(Records from a data collection)
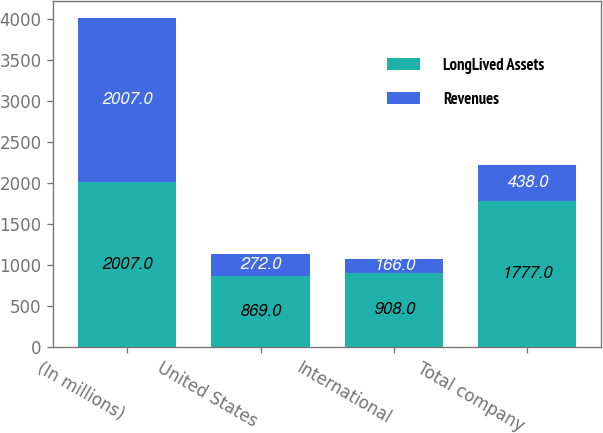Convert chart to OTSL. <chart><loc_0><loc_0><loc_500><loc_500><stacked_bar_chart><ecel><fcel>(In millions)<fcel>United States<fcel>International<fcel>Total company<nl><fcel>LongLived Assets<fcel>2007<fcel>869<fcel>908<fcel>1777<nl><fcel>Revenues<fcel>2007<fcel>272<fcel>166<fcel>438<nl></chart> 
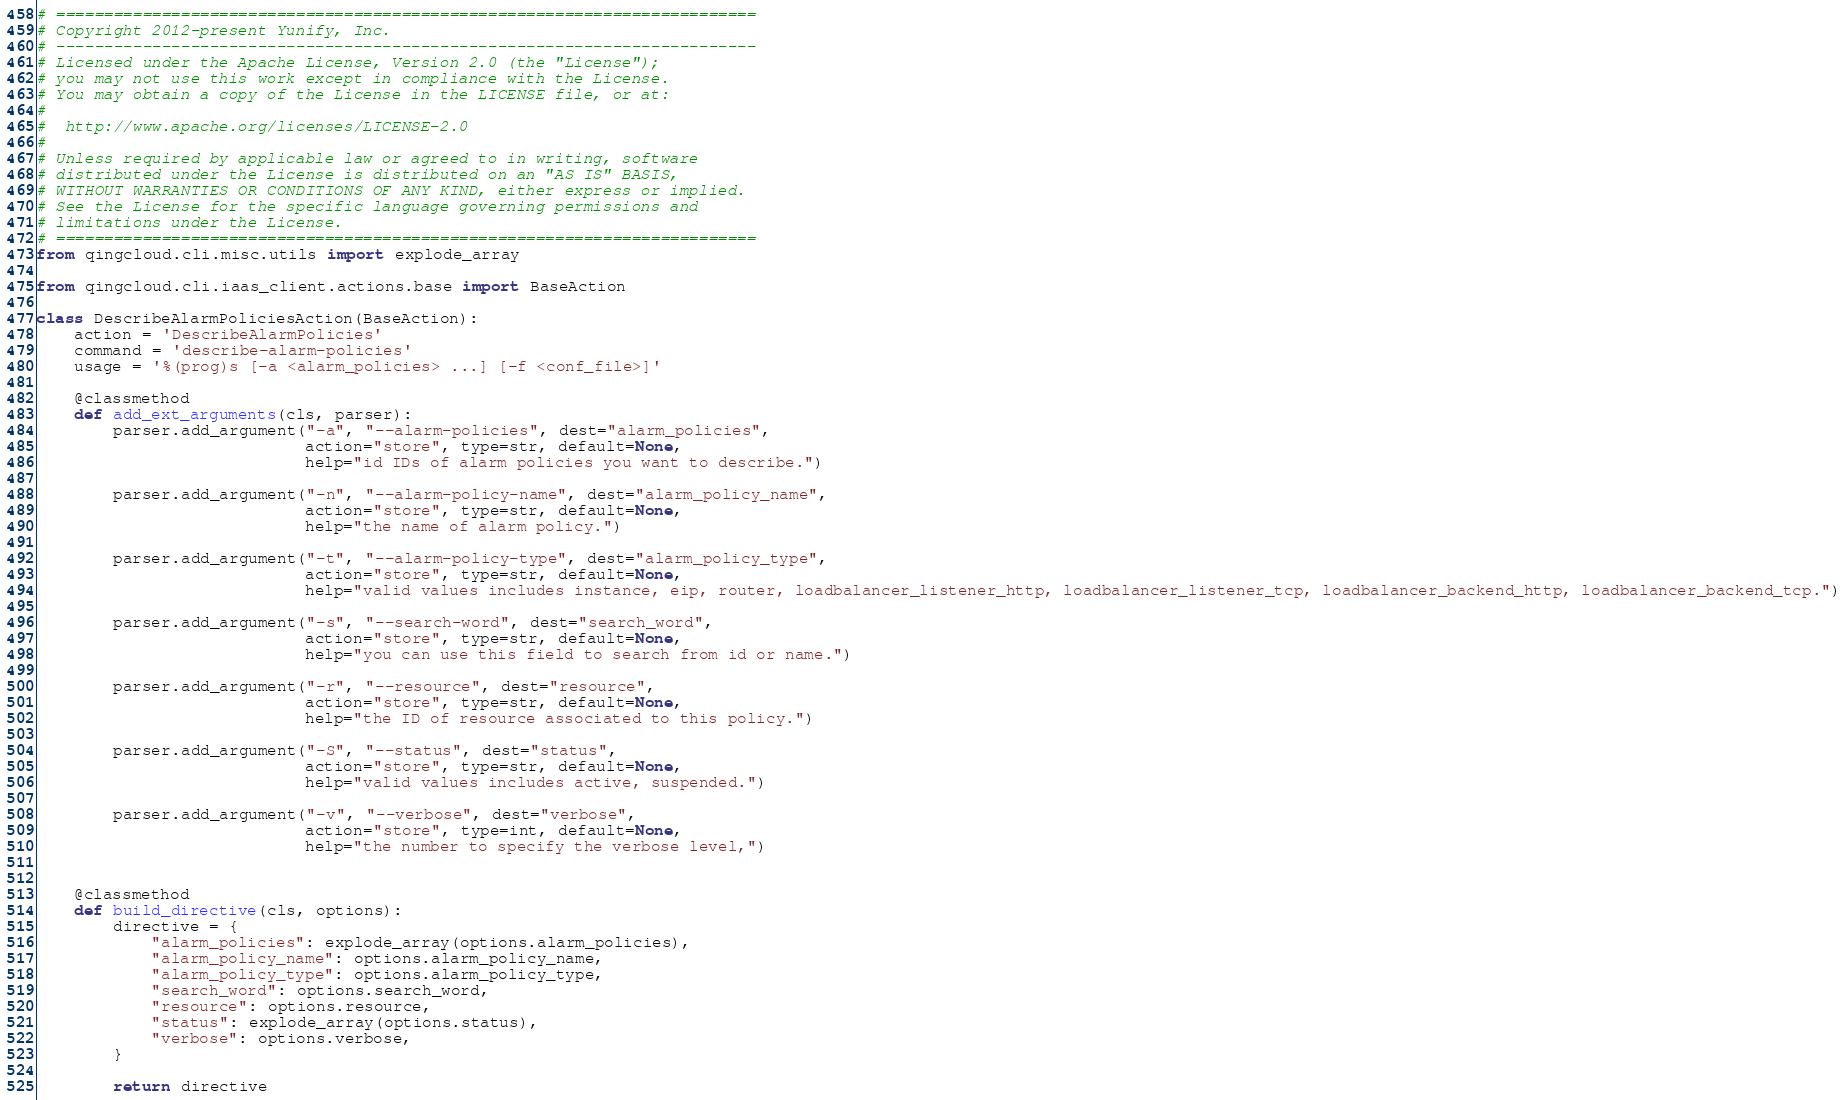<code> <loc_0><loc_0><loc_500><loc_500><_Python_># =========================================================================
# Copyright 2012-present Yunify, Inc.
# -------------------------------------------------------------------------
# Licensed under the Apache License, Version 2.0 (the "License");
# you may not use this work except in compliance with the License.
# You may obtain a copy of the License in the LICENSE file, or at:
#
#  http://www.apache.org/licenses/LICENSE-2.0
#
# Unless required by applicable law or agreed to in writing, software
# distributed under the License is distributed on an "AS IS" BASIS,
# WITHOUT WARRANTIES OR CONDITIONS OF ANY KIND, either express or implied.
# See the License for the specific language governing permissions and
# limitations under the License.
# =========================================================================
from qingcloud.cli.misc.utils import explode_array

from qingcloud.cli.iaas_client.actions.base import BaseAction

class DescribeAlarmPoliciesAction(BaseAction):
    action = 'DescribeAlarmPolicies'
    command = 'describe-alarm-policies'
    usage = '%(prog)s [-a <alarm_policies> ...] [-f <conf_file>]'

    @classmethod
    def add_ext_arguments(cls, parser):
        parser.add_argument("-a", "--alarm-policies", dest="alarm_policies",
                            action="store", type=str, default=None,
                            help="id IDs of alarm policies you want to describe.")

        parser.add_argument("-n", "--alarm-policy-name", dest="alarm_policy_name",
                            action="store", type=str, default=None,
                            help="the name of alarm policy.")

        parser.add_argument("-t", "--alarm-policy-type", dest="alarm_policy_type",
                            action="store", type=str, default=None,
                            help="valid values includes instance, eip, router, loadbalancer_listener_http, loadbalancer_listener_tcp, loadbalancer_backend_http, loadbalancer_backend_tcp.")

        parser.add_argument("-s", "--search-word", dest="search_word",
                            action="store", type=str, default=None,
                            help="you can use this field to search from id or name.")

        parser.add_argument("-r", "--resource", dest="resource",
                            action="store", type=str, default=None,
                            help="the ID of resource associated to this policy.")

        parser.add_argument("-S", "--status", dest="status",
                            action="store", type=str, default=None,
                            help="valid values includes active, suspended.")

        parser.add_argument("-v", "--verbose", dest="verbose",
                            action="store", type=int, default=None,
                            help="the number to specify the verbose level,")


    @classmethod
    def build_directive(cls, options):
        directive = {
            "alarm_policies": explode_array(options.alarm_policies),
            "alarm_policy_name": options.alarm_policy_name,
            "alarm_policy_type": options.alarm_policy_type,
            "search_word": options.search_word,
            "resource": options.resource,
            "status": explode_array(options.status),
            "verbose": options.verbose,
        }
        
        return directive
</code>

- _WHAT YOU SHOULD DO_:
Pictures are to be left out; all else in the entries above is to be quoted exactly.

- _TASK OUTPUT_:
Convert chart to OTSL. <chart><loc_0><loc_0><loc_500><loc_500><stacked_bar_chart><ecel><fcel>(In millions)<fcel>United States<fcel>International<fcel>Total company<nl><fcel>LongLived Assets<fcel>2007<fcel>869<fcel>908<fcel>1777<nl><fcel>Revenues<fcel>2007<fcel>272<fcel>166<fcel>438<nl></chart> 
<code> <loc_0><loc_0><loc_500><loc_500><_Python_># =========================================================================
# Copyright 2012-present Yunify, Inc.
# -------------------------------------------------------------------------
# Licensed under the Apache License, Version 2.0 (the "License");
# you may not use this work except in compliance with the License.
# You may obtain a copy of the License in the LICENSE file, or at:
#
#  http://www.apache.org/licenses/LICENSE-2.0
#
# Unless required by applicable law or agreed to in writing, software
# distributed under the License is distributed on an "AS IS" BASIS,
# WITHOUT WARRANTIES OR CONDITIONS OF ANY KIND, either express or implied.
# See the License for the specific language governing permissions and
# limitations under the License.
# =========================================================================
from qingcloud.cli.misc.utils import explode_array

from qingcloud.cli.iaas_client.actions.base import BaseAction

class DescribeAlarmPoliciesAction(BaseAction):
    action = 'DescribeAlarmPolicies'
    command = 'describe-alarm-policies'
    usage = '%(prog)s [-a <alarm_policies> ...] [-f <conf_file>]'

    @classmethod
    def add_ext_arguments(cls, parser):
        parser.add_argument("-a", "--alarm-policies", dest="alarm_policies",
                            action="store", type=str, default=None,
                            help="id IDs of alarm policies you want to describe.")

        parser.add_argument("-n", "--alarm-policy-name", dest="alarm_policy_name",
                            action="store", type=str, default=None,
                            help="the name of alarm policy.")

        parser.add_argument("-t", "--alarm-policy-type", dest="alarm_policy_type",
                            action="store", type=str, default=None,
                            help="valid values includes instance, eip, router, loadbalancer_listener_http, loadbalancer_listener_tcp, loadbalancer_backend_http, loadbalancer_backend_tcp.")

        parser.add_argument("-s", "--search-word", dest="search_word",
                            action="store", type=str, default=None,
                            help="you can use this field to search from id or name.")

        parser.add_argument("-r", "--resource", dest="resource",
                            action="store", type=str, default=None,
                            help="the ID of resource associated to this policy.")

        parser.add_argument("-S", "--status", dest="status",
                            action="store", type=str, default=None,
                            help="valid values includes active, suspended.")

        parser.add_argument("-v", "--verbose", dest="verbose",
                            action="store", type=int, default=None,
                            help="the number to specify the verbose level,")


    @classmethod
    def build_directive(cls, options):
        directive = {
            "alarm_policies": explode_array(options.alarm_policies),
            "alarm_policy_name": options.alarm_policy_name,
            "alarm_policy_type": options.alarm_policy_type,
            "search_word": options.search_word,
            "resource": options.resource,
            "status": explode_array(options.status),
            "verbose": options.verbose,
        }
        
        return directive
</code>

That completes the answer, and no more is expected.